- _YOUR TASK_:
Transcribe, without alteration, only the lines from the one containing "I want an oriented 3D box per item below." through the last line of the material, both ends included.

Start of DATASET RECORDS

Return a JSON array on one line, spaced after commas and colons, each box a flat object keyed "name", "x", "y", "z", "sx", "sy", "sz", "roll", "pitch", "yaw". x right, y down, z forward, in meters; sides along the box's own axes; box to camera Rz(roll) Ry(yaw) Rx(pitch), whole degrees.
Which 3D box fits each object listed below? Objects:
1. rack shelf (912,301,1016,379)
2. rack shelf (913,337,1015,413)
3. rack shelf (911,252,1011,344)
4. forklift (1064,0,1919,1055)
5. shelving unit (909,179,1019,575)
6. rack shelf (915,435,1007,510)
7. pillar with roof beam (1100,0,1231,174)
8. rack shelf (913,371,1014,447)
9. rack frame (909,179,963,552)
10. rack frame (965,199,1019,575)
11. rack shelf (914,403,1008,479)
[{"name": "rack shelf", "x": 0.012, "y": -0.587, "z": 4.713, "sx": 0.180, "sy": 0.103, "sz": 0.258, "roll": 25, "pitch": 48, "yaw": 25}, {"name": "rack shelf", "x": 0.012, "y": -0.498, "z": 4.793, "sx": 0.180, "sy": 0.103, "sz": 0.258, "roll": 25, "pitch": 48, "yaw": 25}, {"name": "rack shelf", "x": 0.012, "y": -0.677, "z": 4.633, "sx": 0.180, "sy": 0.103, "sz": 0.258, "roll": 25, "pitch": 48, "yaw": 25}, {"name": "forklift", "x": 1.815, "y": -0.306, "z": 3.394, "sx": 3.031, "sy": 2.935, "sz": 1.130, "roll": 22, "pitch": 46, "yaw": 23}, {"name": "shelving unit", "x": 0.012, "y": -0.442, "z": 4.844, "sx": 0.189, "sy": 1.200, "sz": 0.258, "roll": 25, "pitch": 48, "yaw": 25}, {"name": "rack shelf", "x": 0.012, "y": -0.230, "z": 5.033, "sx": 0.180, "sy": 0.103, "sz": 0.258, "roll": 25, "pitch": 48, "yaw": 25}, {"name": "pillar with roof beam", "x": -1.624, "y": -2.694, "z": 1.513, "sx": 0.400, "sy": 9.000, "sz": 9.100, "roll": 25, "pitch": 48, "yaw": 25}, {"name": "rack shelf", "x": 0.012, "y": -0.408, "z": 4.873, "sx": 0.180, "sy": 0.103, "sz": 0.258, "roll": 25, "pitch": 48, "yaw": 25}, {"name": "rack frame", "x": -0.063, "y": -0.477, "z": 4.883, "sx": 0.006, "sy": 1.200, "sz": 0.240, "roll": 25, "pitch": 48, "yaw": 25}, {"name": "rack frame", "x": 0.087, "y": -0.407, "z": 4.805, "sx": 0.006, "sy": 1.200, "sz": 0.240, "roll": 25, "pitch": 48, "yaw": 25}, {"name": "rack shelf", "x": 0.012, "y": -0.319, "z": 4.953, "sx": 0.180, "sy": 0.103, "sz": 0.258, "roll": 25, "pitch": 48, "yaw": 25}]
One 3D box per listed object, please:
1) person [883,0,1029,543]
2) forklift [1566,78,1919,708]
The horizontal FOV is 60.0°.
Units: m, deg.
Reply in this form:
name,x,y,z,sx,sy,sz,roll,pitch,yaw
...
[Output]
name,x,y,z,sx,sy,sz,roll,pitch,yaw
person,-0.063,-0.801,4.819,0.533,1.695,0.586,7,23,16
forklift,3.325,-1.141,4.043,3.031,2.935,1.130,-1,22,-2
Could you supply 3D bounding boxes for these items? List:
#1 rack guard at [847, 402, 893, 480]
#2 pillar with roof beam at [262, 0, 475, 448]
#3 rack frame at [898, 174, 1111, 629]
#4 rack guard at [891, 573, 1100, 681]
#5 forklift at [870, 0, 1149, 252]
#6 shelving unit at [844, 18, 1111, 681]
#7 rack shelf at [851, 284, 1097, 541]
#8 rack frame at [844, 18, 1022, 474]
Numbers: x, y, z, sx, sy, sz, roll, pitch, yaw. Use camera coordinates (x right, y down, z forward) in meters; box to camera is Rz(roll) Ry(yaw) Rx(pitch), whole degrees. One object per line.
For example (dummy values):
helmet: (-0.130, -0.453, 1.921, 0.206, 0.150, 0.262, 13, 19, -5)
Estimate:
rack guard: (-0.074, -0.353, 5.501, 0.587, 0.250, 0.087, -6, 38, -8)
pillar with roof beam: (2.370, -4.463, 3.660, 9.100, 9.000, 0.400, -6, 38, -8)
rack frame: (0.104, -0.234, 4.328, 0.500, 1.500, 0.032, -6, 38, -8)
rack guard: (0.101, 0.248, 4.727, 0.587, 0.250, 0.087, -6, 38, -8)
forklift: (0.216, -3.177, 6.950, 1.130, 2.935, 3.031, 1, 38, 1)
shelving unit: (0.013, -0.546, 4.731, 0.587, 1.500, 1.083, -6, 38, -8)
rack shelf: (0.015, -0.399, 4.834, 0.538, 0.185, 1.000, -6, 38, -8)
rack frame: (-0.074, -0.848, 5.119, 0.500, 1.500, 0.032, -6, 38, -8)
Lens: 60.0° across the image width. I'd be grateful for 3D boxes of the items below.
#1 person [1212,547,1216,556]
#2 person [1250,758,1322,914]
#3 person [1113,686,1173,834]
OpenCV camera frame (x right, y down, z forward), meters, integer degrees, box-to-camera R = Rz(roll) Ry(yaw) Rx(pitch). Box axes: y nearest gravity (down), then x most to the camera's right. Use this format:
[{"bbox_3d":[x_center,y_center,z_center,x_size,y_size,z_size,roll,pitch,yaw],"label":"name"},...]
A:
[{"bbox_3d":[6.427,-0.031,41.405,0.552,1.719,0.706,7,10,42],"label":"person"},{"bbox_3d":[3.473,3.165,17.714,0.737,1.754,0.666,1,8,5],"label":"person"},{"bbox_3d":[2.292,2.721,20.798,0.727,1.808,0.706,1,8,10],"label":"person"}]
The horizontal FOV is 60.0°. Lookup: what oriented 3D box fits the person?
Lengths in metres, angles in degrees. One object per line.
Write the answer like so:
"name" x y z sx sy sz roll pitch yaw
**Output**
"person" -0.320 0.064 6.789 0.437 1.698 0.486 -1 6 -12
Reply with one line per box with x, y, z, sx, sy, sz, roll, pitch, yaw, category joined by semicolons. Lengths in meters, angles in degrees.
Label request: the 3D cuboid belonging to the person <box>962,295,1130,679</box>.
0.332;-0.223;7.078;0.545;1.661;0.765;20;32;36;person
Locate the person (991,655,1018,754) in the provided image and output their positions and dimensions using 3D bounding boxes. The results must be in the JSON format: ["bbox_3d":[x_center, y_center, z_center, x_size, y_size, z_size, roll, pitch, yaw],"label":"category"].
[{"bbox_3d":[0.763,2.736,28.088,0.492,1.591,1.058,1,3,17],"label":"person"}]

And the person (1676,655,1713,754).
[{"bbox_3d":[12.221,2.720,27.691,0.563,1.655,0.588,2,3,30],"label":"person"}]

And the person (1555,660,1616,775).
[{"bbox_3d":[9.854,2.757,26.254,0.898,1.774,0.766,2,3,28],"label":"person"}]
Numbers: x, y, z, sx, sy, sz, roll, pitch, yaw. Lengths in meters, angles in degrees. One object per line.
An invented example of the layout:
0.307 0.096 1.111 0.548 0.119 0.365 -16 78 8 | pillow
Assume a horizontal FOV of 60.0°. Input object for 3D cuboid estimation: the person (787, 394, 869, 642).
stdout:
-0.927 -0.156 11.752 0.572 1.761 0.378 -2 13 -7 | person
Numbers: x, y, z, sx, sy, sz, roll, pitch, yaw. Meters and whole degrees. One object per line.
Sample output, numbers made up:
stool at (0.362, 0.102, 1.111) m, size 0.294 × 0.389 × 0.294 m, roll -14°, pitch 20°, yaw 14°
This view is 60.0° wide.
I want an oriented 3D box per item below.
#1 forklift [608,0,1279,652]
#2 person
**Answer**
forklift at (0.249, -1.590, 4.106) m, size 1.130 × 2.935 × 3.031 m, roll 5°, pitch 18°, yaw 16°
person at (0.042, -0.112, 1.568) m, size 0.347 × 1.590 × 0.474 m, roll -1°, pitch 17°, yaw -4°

End of DATASET RECORDS

- _EXERCISE RESULT_:
I want an oriented 3D box per item below.
#1 forklift [608,0,1279,652]
#2 person
**Answer**
forklift at (0.249, -1.590, 4.106) m, size 1.130 × 2.935 × 3.031 m, roll 5°, pitch 18°, yaw 16°
person at (0.042, -0.112, 1.568) m, size 0.347 × 1.590 × 0.474 m, roll -1°, pitch 17°, yaw -4°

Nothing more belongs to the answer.